# A change of name



## harrysin (Jan 15, 2007)

Well guys, what started out as a "table with four legs" as described in my earlier thread:

http://www.routerforums.com/60720-post1.html

has now progressed to the stage where a name change is required, I now call it a "compact turning centre" because of the additions as shown in the following photo-shoot.


----------



## harrysin (Jan 15, 2007)

*Continued*

These last few shots I dedicate to Dr. Zook, who as we all know loves pictures, the more the better!

I intend in the next few days to make a drilling jig and experiment turning a few dummy pen blanks, and then? who knows.


----------



## Glenmore (Sep 10, 2004)

Harry great job. Couldn't have done better myself.


----------



## challagan (Feb 7, 2006)

Excellent Harry. You deserve more than the lobby for this! I am moving it to the Turning center at least 

Corey


----------



## BernieW (Sep 12, 2006)

Well done Harry. That is one nice looking setup. Now lets see some turning.


----------



## bobj3 (Jan 17, 2006)

Hi Harry

I'm amazed how well it looks, but I should not be because you do nice work all the time.

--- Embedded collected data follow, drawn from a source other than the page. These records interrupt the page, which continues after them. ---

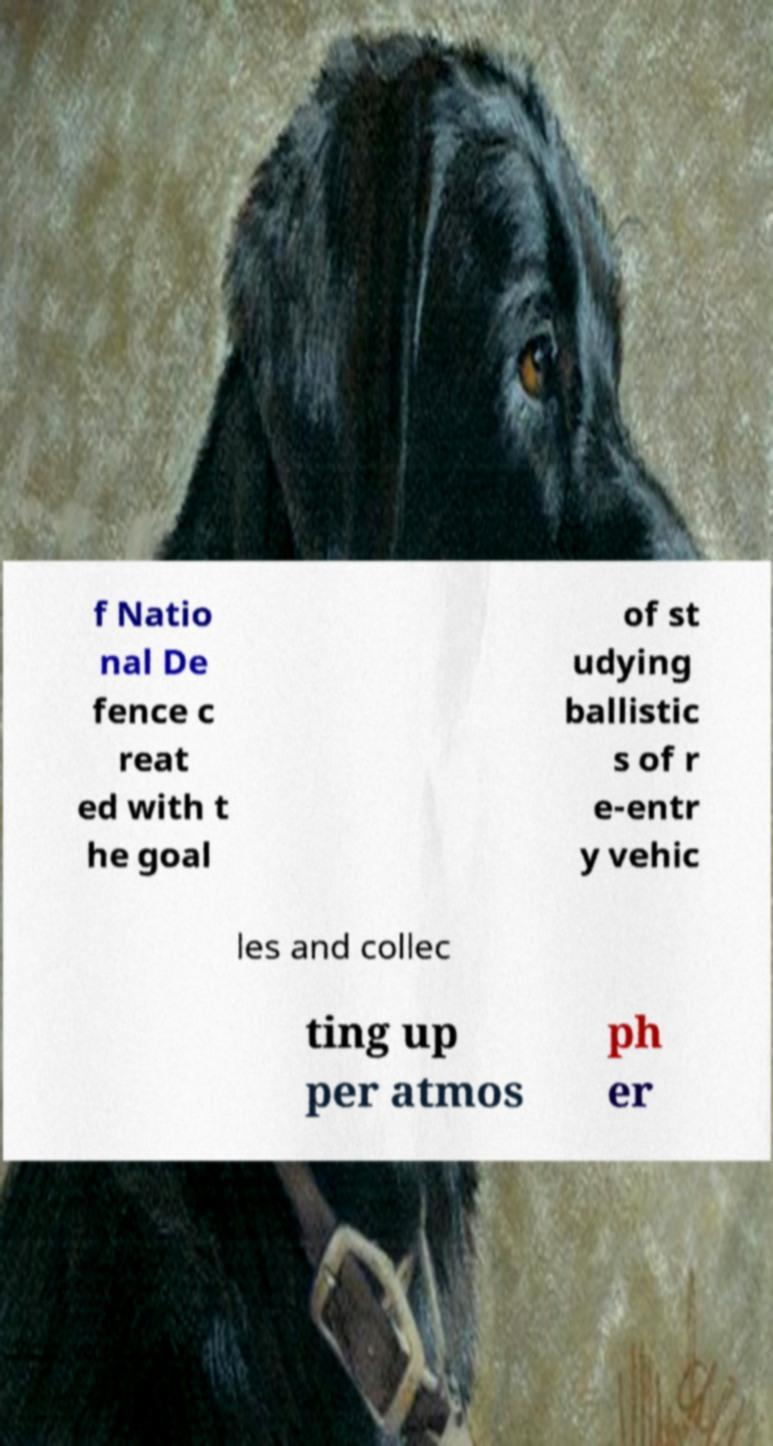For documentation purposes, I need the text within this image transcribed. Could you provide that? f Natio nal De fence c reat ed with t he goal of st udying ballistic s of r e-entr y vehic les and collec ting up per atmos ph er 
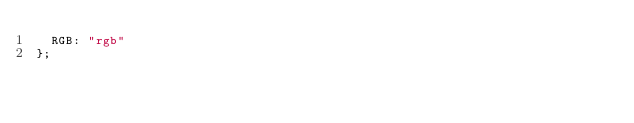Convert code to text. <code><loc_0><loc_0><loc_500><loc_500><_JavaScript_>	RGB: "rgb"
};</code> 
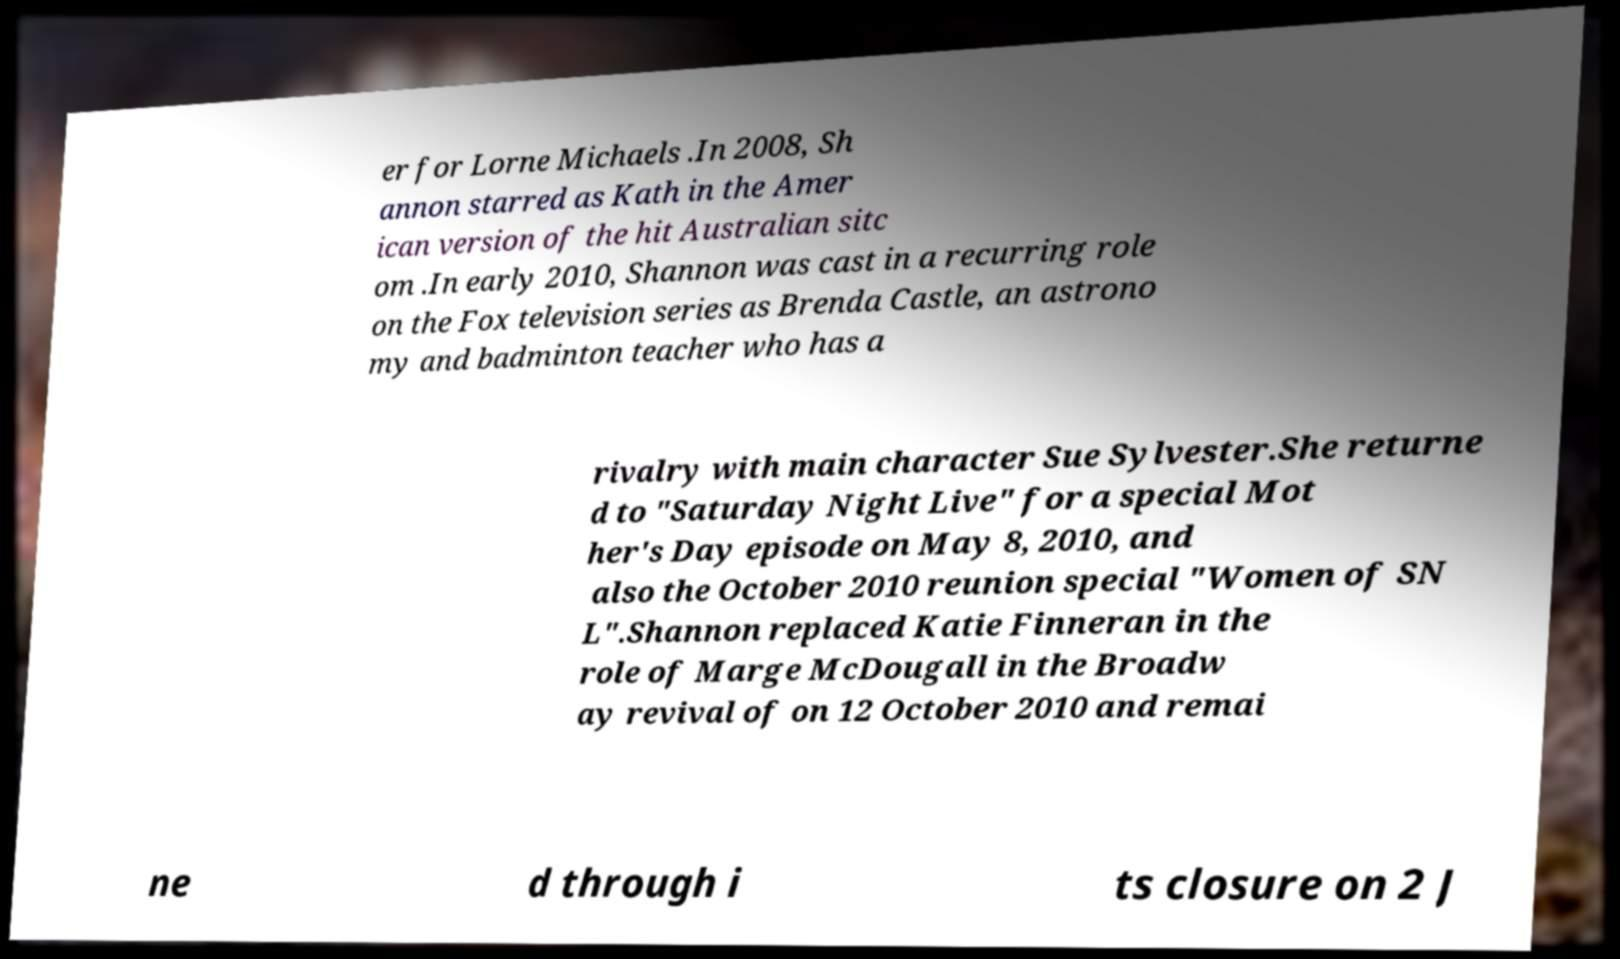Please read and relay the text visible in this image. What does it say? er for Lorne Michaels .In 2008, Sh annon starred as Kath in the Amer ican version of the hit Australian sitc om .In early 2010, Shannon was cast in a recurring role on the Fox television series as Brenda Castle, an astrono my and badminton teacher who has a rivalry with main character Sue Sylvester.She returne d to "Saturday Night Live" for a special Mot her's Day episode on May 8, 2010, and also the October 2010 reunion special "Women of SN L".Shannon replaced Katie Finneran in the role of Marge McDougall in the Broadw ay revival of on 12 October 2010 and remai ne d through i ts closure on 2 J 
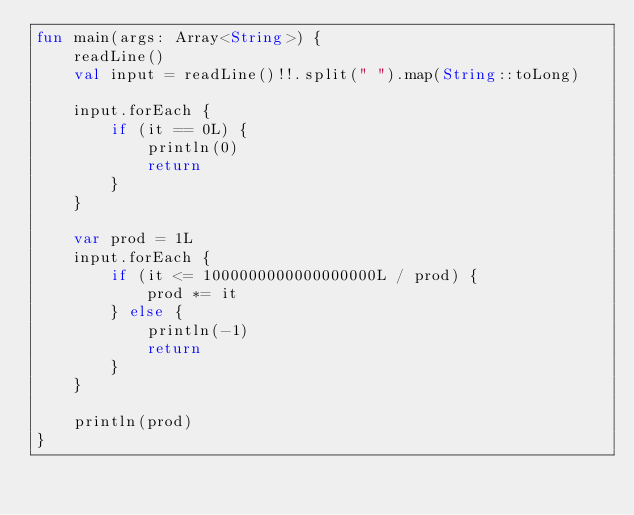<code> <loc_0><loc_0><loc_500><loc_500><_Kotlin_>fun main(args: Array<String>) {
    readLine()
    val input = readLine()!!.split(" ").map(String::toLong)

    input.forEach {
        if (it == 0L) {
            println(0)
            return
        }
    }

    var prod = 1L
    input.forEach {
        if (it <= 1000000000000000000L / prod) {
            prod *= it
        } else {
            println(-1)
            return
        }
    }

    println(prod)
}
</code>

The only think that looks funny to me is the out box for the plug,,,I'm not to sure I have seen that b/4 in a work shop ( 220 volt 20 amp. plug) I know you have glue on the bottom of your shoes so you don't fall of the earth  down under ..but you do things backwards sometimes down under,,  LOL and the water goes down the head backwards I think..CCW...

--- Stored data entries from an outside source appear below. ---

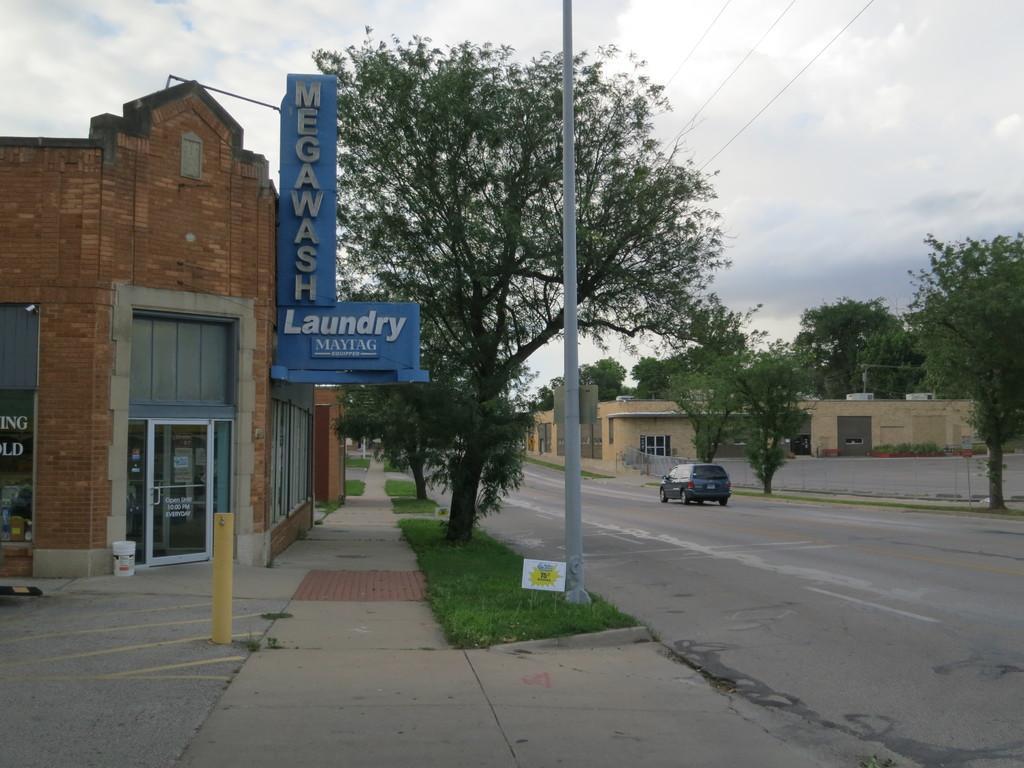Could you give a brief overview of what you see in this image? In the middle of the image we can see some trees, poles and buildings. At the top of the image we can see some clouds in the sky. In the bottom right corner of the image we can see a vehicle on the road. 
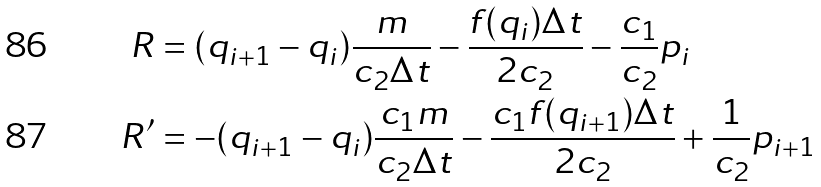Convert formula to latex. <formula><loc_0><loc_0><loc_500><loc_500>R & = ( q _ { i + 1 } - q _ { i } ) \frac { m } { c _ { 2 } \Delta t } - \frac { f ( q _ { i } ) \Delta t } { 2 c _ { 2 } } - \frac { c _ { 1 } } { c _ { 2 } } p _ { i } \\ R ^ { \prime } & = - ( q _ { i + 1 } - q _ { i } ) \frac { c _ { 1 } m } { c _ { 2 } \Delta t } - \frac { c _ { 1 } f ( q _ { i + 1 } ) \Delta t } { 2 c _ { 2 } } + \frac { 1 } { c _ { 2 } } p _ { i + 1 }</formula> 
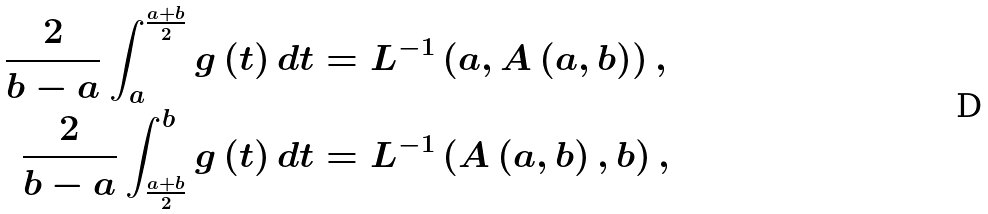Convert formula to latex. <formula><loc_0><loc_0><loc_500><loc_500>\frac { 2 } { b - a } \int _ { a } ^ { \frac { a + b } { 2 } } g \left ( t \right ) d t & = L ^ { - 1 } \left ( a , A \left ( a , b \right ) \right ) , \\ \frac { 2 } { b - a } \int _ { \frac { a + b } { 2 } } ^ { b } g \left ( t \right ) d t & = L ^ { - 1 } \left ( A \left ( a , b \right ) , b \right ) ,</formula>

But it's just a bit strange to me ...just a question because I don't know this one,if you have a welder lets say and it needs 220volt at 50 amps. do you use the same type of outlet with the two spades and a round ground pin...  or is it 4 lines...4 spades ?

It looks like you are set to make some great stuff on the NEW lathe, besure to keep the cam. next to you bud..so we can see what you are making...I miss my lathe now and then but I got to a point I could only make so many hammers,bowels,flower holders, round things..so I sold it off... big error I think..20-20 thing...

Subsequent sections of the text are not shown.